Eagle hunters are quite common in Kyrgyzstan and it was great for us to learn about this tradition from someone that was very passionate and who clearly cared a lot about his eagle. The display was impressive, but it was actually hearing all about the care and training of an eagle that impressed me the most – and the fact that I got to hold Tamara! To complete another perfect day (this was the running joke on the trip…as every day was just so good!), we set up our next bush camp back on the shores of Lake Issyk Kul.
The middle of the trip saw us arrive into Kochkor, which is where we had our ‘homestay’, and therefore a bed and the one shower of the trip, which was a real treat. The homestay is where you stay with a local family in their house, and where they cook your evening meal and breakfast for you – and to say the food was delicious is an understatement! Following the homestay we were treated once again to a stunning day of driving through a valley and slowly making our way up to Lake Song Kol, where we even had a quick photoshoot with some yaks! As we decended towards the lake, it reminded me of the Ngorongoro Crater in Tanazania, but rather than seeing herds of wildebeest, I was looking at hundreds of herds of horses, with the odd sheep and donkey scattered in! This was going to be our set up for the next three nights, a beutifully decorated yurt near the lakes edge. To me this place was just perfect, as the sunsets were glorious, and I would fall asleep and wake up to the sound of galloping horses close by. Having never ridden properly in my life, I decided this was the place to do it – and I was very pleased & relieved to see that my horse was rather docile! This provided lots of entertainment, as my horse took me on the route it wanted to go, rather than where the rest of the group were going (but somehow we made it back to the yurt)! Grace our tour leader also arranged a game of Ulak Tartysh (a Kyrgy version of polo!), where a lamb is killed and then the body is hitched under the leg of a rider and they have to get this to a goal on the ground. It is a great game to watch, where you get to witness the incredible horsemanship skills of the Kyrgy people, and it became a real social event where other locals rode over and ended up joining in, and continuing the game long in to the afternoon.

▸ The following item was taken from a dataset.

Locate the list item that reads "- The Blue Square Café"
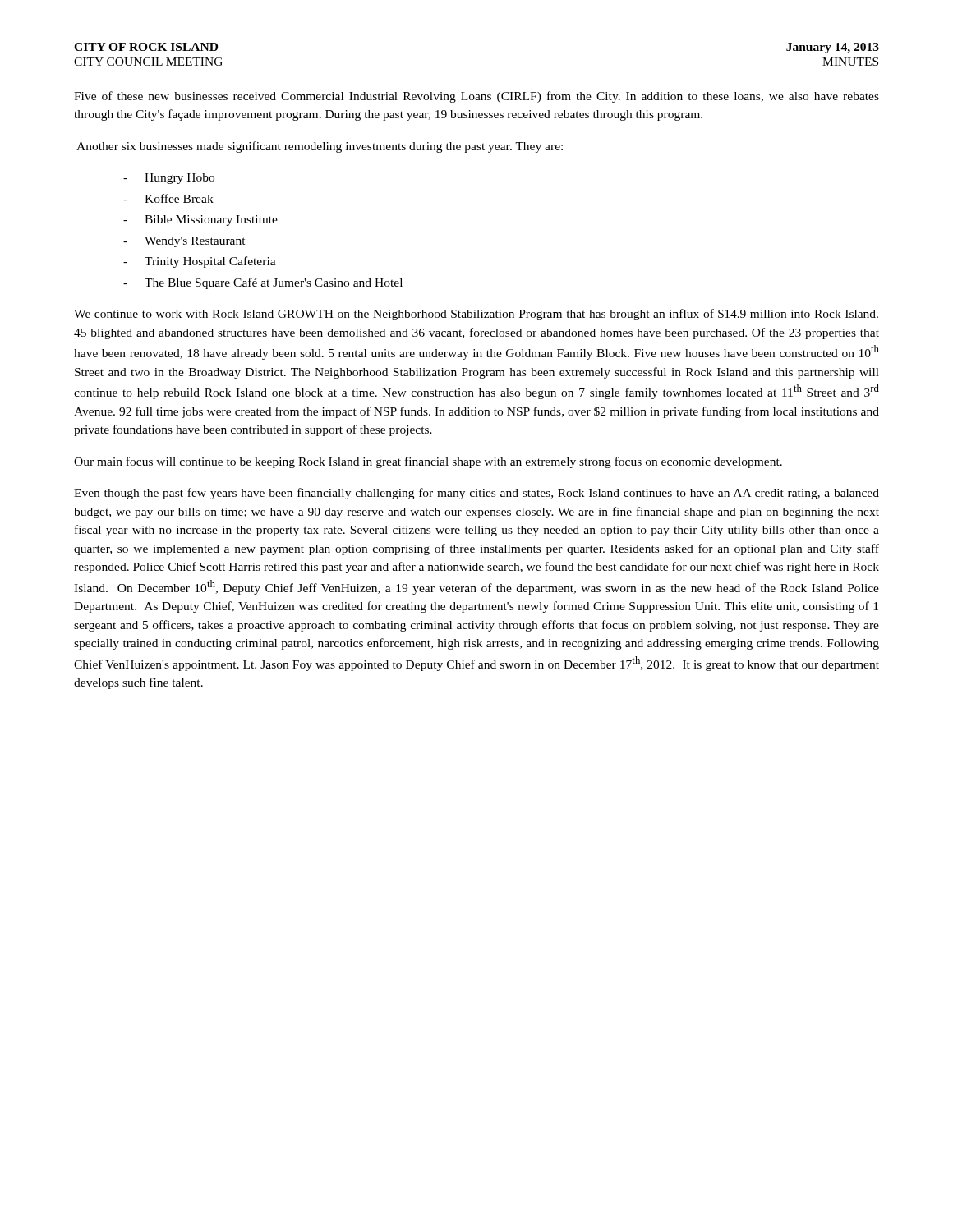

We all felt a bit sad to be leaving Song Kol, but we were in for a lovely suprise, our descent was on the other side of the lake, with views that just had to be seen to be believed – so hopefully the picture of the extreme flapping does it some justice! Making our way through mountain passes we made it to Tash-Rabat, which is a caravanserai in really great condition, and our tour leader and driver both agreed it was the best along the Silk Route that they had seen, so something not to be missed. Heading back towards Bishkek my spirits dropped as the trip was coming to an end, but luckily we did have time to visit and climb up Burana Tower, a 24m tall minaret which is all that is left of a once thriving city – but now gives you a chance to see the views all around and a moment to take in all that we had seen.